*** Opening DATA TO USE ***

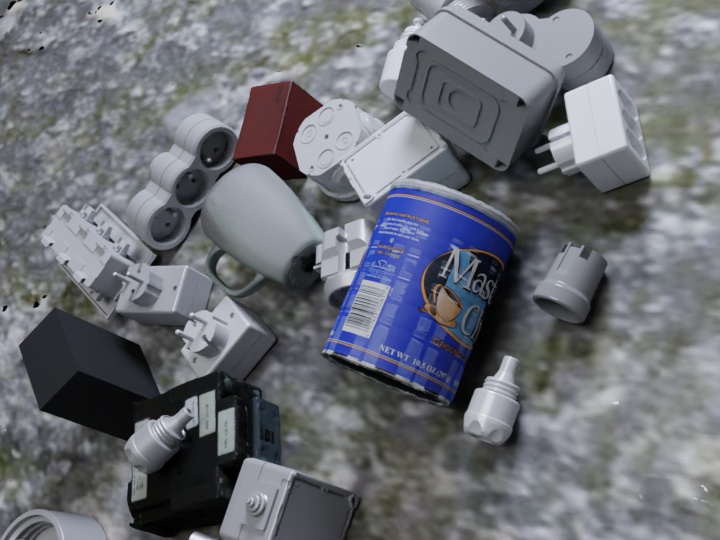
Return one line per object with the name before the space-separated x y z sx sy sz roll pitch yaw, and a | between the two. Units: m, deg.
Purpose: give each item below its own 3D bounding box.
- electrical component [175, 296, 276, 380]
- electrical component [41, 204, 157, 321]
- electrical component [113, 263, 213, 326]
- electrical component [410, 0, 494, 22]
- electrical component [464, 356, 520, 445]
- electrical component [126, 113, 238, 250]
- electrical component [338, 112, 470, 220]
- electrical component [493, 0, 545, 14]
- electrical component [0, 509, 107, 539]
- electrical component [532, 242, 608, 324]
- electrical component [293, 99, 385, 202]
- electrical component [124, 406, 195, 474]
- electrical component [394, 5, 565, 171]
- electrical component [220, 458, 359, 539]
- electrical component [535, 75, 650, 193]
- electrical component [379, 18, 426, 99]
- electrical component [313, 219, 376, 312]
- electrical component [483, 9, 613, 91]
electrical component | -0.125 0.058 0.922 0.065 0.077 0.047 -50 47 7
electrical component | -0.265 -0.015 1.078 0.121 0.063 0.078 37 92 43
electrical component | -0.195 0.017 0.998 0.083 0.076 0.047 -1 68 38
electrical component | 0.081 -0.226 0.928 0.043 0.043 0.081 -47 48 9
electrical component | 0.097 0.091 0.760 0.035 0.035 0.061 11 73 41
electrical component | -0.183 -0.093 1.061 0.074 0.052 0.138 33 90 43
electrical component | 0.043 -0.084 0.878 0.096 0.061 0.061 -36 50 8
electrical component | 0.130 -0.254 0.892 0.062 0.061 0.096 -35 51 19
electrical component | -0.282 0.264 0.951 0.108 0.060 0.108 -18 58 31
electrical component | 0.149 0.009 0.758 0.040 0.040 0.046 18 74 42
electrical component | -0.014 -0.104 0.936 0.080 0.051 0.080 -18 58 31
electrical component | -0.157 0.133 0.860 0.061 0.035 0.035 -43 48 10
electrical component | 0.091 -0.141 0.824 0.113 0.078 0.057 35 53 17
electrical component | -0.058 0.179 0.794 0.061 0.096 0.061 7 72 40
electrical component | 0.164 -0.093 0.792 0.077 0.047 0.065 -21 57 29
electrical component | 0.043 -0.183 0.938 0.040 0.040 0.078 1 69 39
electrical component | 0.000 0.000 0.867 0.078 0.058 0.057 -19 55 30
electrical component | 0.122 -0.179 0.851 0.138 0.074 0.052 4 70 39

*** Closing DATA TO USE ***
*** Opening DATA TO USE ***

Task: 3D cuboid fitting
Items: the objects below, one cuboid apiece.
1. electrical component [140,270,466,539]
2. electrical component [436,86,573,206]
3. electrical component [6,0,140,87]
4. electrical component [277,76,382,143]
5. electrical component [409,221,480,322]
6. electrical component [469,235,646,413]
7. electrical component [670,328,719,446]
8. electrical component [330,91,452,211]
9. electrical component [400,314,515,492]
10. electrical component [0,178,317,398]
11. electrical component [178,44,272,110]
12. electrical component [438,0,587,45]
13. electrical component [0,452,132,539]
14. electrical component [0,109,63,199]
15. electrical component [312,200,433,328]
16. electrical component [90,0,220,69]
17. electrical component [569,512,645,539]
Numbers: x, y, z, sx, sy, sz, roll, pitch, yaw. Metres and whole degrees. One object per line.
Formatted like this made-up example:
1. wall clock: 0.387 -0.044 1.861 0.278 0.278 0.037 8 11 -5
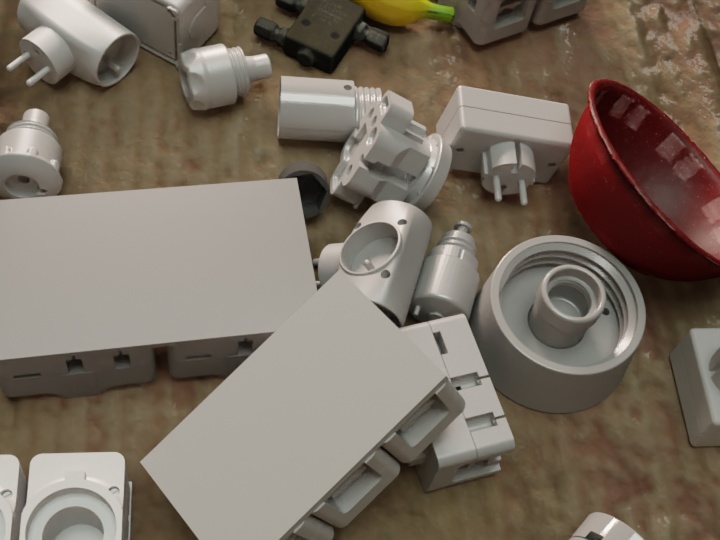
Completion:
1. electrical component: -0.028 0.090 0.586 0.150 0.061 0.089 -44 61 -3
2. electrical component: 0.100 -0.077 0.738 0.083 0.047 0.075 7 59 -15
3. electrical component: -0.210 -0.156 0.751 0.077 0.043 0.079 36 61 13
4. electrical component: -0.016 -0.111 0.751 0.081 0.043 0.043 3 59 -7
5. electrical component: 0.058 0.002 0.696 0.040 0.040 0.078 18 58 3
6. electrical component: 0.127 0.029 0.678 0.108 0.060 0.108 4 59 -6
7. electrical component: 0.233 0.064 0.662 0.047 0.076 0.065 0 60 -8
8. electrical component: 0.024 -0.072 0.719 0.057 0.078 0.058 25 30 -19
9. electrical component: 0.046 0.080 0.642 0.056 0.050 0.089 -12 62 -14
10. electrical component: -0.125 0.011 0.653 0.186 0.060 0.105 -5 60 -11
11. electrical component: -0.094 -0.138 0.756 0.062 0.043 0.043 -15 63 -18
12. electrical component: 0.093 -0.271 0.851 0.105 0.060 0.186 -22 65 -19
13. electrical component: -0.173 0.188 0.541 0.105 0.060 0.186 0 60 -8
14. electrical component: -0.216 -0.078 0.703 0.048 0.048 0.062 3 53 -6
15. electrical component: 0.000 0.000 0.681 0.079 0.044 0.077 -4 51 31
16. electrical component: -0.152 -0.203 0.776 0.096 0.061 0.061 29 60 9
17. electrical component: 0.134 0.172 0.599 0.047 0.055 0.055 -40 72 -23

*** Closing DATA TO USE ***
*** Opening DATA TO USE ***

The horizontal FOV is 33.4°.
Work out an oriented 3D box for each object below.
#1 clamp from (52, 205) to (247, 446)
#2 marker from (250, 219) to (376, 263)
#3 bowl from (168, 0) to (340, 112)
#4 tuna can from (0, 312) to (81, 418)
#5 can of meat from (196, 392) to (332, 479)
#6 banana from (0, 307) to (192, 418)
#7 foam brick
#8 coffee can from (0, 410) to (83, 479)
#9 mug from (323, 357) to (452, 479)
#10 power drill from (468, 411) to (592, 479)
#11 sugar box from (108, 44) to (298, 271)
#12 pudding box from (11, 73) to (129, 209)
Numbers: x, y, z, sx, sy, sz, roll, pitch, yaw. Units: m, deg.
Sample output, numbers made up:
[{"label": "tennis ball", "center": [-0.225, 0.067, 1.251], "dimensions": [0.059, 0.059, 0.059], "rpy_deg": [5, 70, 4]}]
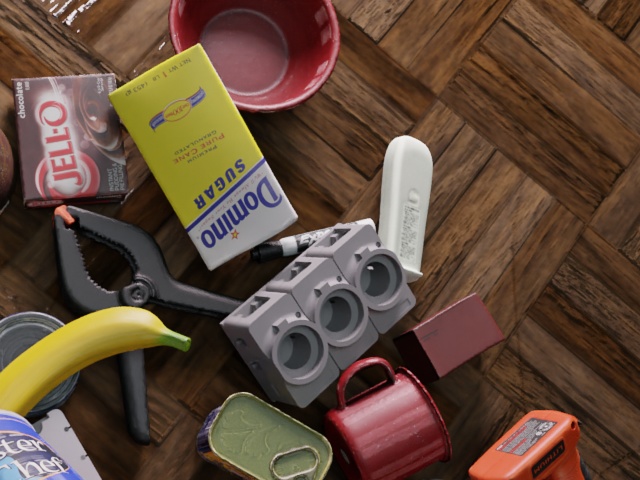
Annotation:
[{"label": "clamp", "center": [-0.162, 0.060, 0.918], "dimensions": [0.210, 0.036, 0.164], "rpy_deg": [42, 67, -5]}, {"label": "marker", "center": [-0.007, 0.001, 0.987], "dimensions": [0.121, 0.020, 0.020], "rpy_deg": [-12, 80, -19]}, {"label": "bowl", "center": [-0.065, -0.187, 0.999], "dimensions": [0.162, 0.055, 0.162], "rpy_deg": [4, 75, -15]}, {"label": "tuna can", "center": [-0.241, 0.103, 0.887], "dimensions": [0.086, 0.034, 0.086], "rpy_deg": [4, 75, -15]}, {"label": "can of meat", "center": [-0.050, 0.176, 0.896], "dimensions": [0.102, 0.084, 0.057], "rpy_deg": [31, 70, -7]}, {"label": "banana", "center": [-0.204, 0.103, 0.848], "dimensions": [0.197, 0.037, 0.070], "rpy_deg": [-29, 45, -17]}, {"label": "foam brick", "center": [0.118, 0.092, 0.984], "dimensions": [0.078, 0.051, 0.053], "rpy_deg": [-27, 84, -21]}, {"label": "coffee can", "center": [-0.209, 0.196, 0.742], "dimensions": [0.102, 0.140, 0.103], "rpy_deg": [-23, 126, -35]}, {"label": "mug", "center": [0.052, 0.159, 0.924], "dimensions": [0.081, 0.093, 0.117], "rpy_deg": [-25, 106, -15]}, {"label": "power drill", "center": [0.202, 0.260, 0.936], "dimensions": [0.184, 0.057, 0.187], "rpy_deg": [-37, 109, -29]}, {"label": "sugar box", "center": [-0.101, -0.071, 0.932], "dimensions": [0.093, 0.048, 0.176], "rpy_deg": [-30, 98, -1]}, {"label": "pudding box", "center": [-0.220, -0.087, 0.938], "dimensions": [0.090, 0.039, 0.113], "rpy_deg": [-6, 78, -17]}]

*** Closing DATA TO USE ***

__EXERCISE BRIEF__. Out of the data above, set down the lines from the one with "7. electrical component [670,328,719,446]" to the one with "1. wall clock: 0.387", both included, exactly as written and with no additions.

__RESPONSE TO THIS TASK__.
7. electrical component [670,328,719,446]
8. electrical component [330,91,452,211]
9. electrical component [400,314,515,492]
10. electrical component [0,178,317,398]
11. electrical component [178,44,272,110]
12. electrical component [438,0,587,45]
13. electrical component [0,452,132,539]
14. electrical component [0,109,63,199]
15. electrical component [312,200,433,328]
16. electrical component [90,0,220,69]
17. electrical component [569,512,645,539]
Numbers: x, y, z, sx, sy, sz, roll, pitch, yaw. Metres and whole degrees. One object per line.
Formatted like this made-up example:
1. wall clock: 0.387 -0.044 1.861 0.278 0.278 0.037 8 11 -5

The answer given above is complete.